A team of researchers in the US have developed a new and more effective method of predicting how cancer tumours grow and spread. Their study, published in the journal Convergent Science Physical Oncology, reports a new computational modelling approach, which fits more closely than previous models with the tumour behaviour seen in experimental observations (Converg. Sci. Phys. Oncol. 4 015001).
Senior author David Odde, from the University of Minnesota, said: “Ideally, a tumour progression model would be consistent across a wide range of spatial-temporal scales to predict how molecular-level perturbations, resulting from either cell mutation or therapeutic intervention, would affect tumour-level progression and, ultimately, patient outcome.”
He continued: “In this respect, the existing simulation methods, such as continuous reaction-diffusion (RD) approaches that capture mean spatio-temporal tumour spreading behaviour, and discrete agent-based approaches that capture individual cell events such as proliferation or migration, are not as accurate as we would like.”
To develop a model that could address this problem, the team looked at the progression and spread of the brain cancer glioblastoma. “Glioblastoma is well suited to proliferation-migration modelling approaches, because the tumour cells rarely spread to other sites outside of the central nervous system, and the cells are both highly proliferative and migratory,” Odde explained.
“In glioblastoma research, current RD estimates of proliferation and migration parameters are derived from CT or MRI,” he said. “However, these estimates of glioblastoma cell migration rates, modelled via a diffusion-like process, are approximately one to two times larger than single-cell measurements in animal models of the disease. We wanted to identify possible sources for this discrepancy.”
The researchers re-evaluated the underlying assumptions of the RD framework and found a possible origin of the discrepancy, in that the RD framework assumes individual particles do not occupy volume and therefore are permitted to overlap. Real cells clearly do occupy volume, meaning overlapping configurations are physically unattainable.

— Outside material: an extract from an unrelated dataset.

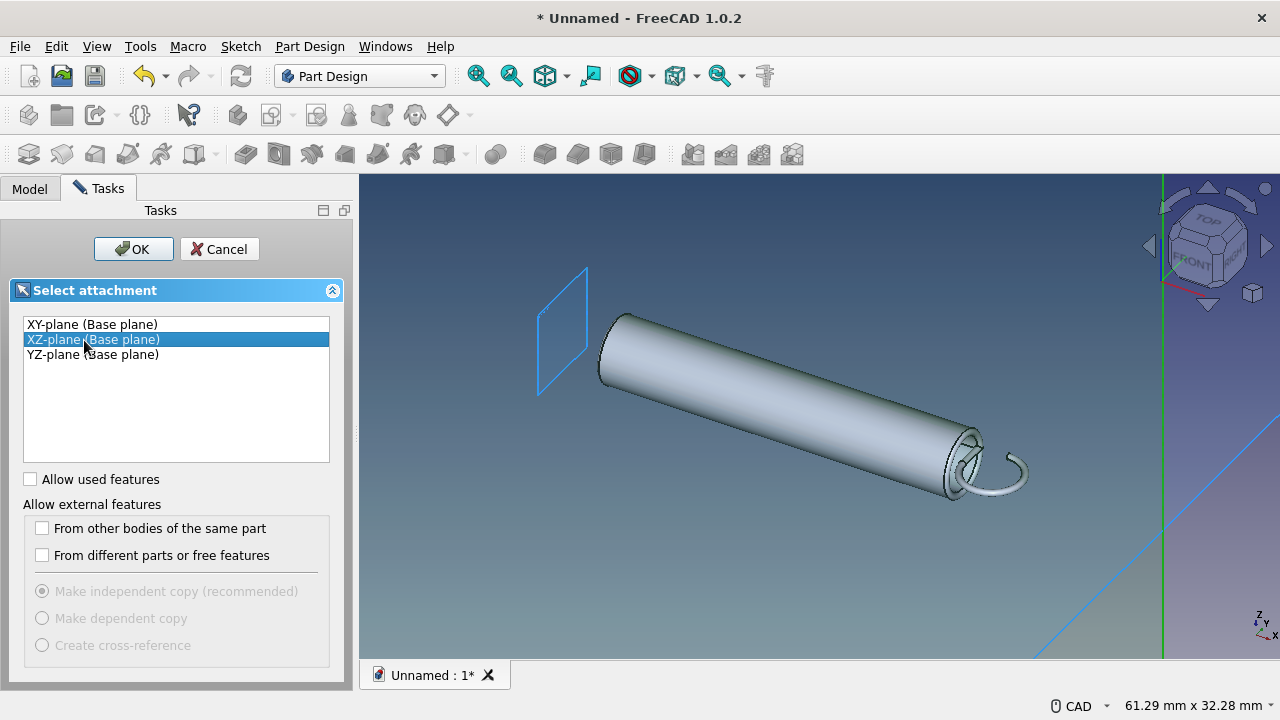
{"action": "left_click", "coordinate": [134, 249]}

“When we implemented the adjustment to the RD framework, the non-overlapping model helps to explain the apparent discrepancy between measured and estimated diffusion coefficients, and provides a more realistic in silico tumour simulator based on measurable parameters,” Odde said. “As a result, experimentally measured tumour growth rates can now be explained by experimentally-measured single cell migration rates. Importantly from a clinical perspective, the simulations demonstrate that a fast-progressing tumour can result from minimally diffusive cells, but at a rate that is still dependent on single-cell diffusive migration rates.”
Odde said: “This type of tumour progression modelling offers the potential to predict tumour-spreading behaviour to improve prognostic accuracy and guide therapy development.”